Что касается дополнительных деталей туалета, необходимых для
камуфляжа, за неимением денег Саня нашел оригинальное решение. От дедушки, военного
переводчика, у него остались наручные часы и зажигалка. Часы были швейцарской
фирмы, образца 1939 года, неизвестно, сколько они стоили изначально. В 1945-м,
во время встречи на Эльбе, дед поменялся с английским офицером. У деда были
советские стальные “ходики” производства завода “Слава”, с серпом и молотом на
циферблате, они так понравились англичанину, что он не пожалел своих
швейцарских, с серебряным корпусом и золотыми стрелками.
Сане часы достались уже мертвыми, с треснутым стеклышком.
Пару лет назад знакомый часовщик, проходивший свидетелем по какому-то делу,
реанимировал механизм, заменил стеклышко кружком чистейшего хрусталя, подновил
стершееся фирменное клеймо и от себя лично прикрепил к ушкам вполне
эксклюзивный кожаный ремешок.
Зажигалка “Зиппо” была подарена деду американским офицером
просто на память, все на той же Эльбе. Настоящая “Варга герл”, с изображением
девушки в развевающемся платье, которая прикуривает на ветру. В отличие от
часов, зажигалка не нуждалась в каком-то особенном ремонте. Арсеньев сам ее
почистил, вставил новый фитиль, кремень, заправлял бензином. Она работала
безотказно.
Эти две вещицы, часы и зажигалка, не только играли роль
камуфляжных деталей, они приносили удачу, грели душу, но не из-за своей
эксклюзивности. В них жила память о дедушке, семейная история и много всего
хорошего, теплого, безвозвратно ушедшего. Хотя, конечно, было приятно в
приличном обществе сверкнуть хрустальным циферблатом, крутануть колесико
“Зиппы”, поймать заинтересованные взгляды знающих людей. Правда, старенький
“Опель-Кадет” существенно портил имидж, но в особо ответственных случаях можно
было выклянчить у начальства служебную машину, “Мерседес” или даже джип
“Чероки”, с камуфляжными номерами, с шофером или без него.
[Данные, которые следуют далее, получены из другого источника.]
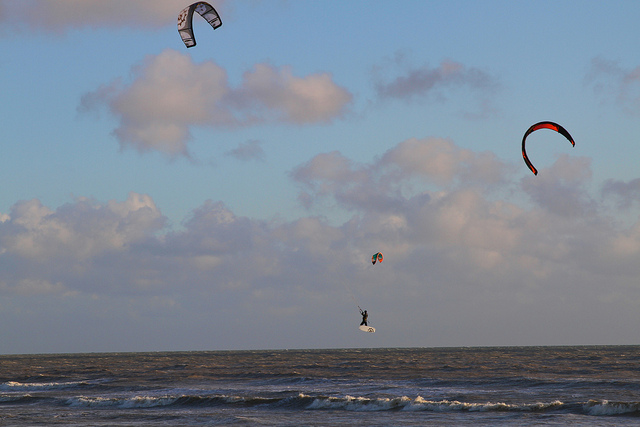Can you explain the sport of kite surfing to me, based on what you see? Kite surfing is a symphony of athleticism and artistry, where the surfer, connected to a harness, commands a large and vivid kite, using the wind as a partner to glide, jump, and surf across the water's surface. It's a dance with nature's own breath, imbued with moments of both serenity and thrill.

Работа Вики Кравцовой тоже требовала камуфляжа. Бесконечные
презентации, премьеры, переговоры, тусовки, и каждый раз надо явиться в чем-то
новом, шикарном, сногсшибательном, чтобы выглядеть не хуже других. Денег вроде
было много, но все равно Вике их хронически не хватало.
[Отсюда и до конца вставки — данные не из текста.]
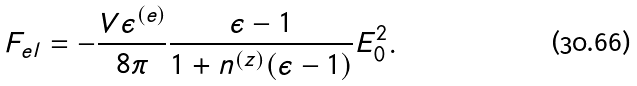<formula> <loc_0><loc_0><loc_500><loc_500>F _ { e l } = - \frac { V \epsilon ^ { ( e ) } } { 8 \pi } \frac { \epsilon - 1 } { 1 + n ^ { ( z ) } ( \epsilon - 1 ) } E _ { 0 } ^ { 2 } .</formula>

Правда, Арсеньев вдруг стал подозревать, что камуфляжа
больше требовала не работа, а душа руководителя пресс-центра.
Количество и качество вещей выдавало лютую ненасытность,
какое-то болезненное шмоточное обжорство. Вика Кравцова покупала, покупала и
все не могла остановиться. Арсеньеву тут же вспомнилась фраза ее заместителя
Феликса Нечаева о том, что она хотела стать “вамп”, но мешало бедненькое
провинциальное прошлое.
Понятно, зачем ей вдруг понадобилась вторая машина. Ей
хотелось, чтобы всего было много, очень много. Пусть не такая дорогая и
шикарная, но две. Обязательно две. Однако купить себе “Опель” или “Фольксваген”
Вика так и не успела.
Цены она выписывала в середине марта. Рядом было несколько
имен и телефонных номеров.
"Сергей Иванович (только японки); Юра (авторынок, зв.
после 20-го); Паша (от дяди Кости, Гамбург, любые, деш.)”.
– Паша-Паша-Павлик Воронков, – пропел Арсеньев себе под нос,
спохватился, что пропустит прямой эфир Рязанцева, и переключил телевизор на
нужный канал.
Глава 16
Проснувшись, Маша обнаружила, что они все еще едут, вернее,
стоят в пробке на Новослободской. Рядом возвышалась разрушенная церковь из
вишневого кирпича, с корявой березой на крыше, киностудия “Союзмультфильм”.
Если здесь пешком свернуть с шумной загазованной Новослободской, справа будет
собачья площадка, слева ржавые кубики гаражей.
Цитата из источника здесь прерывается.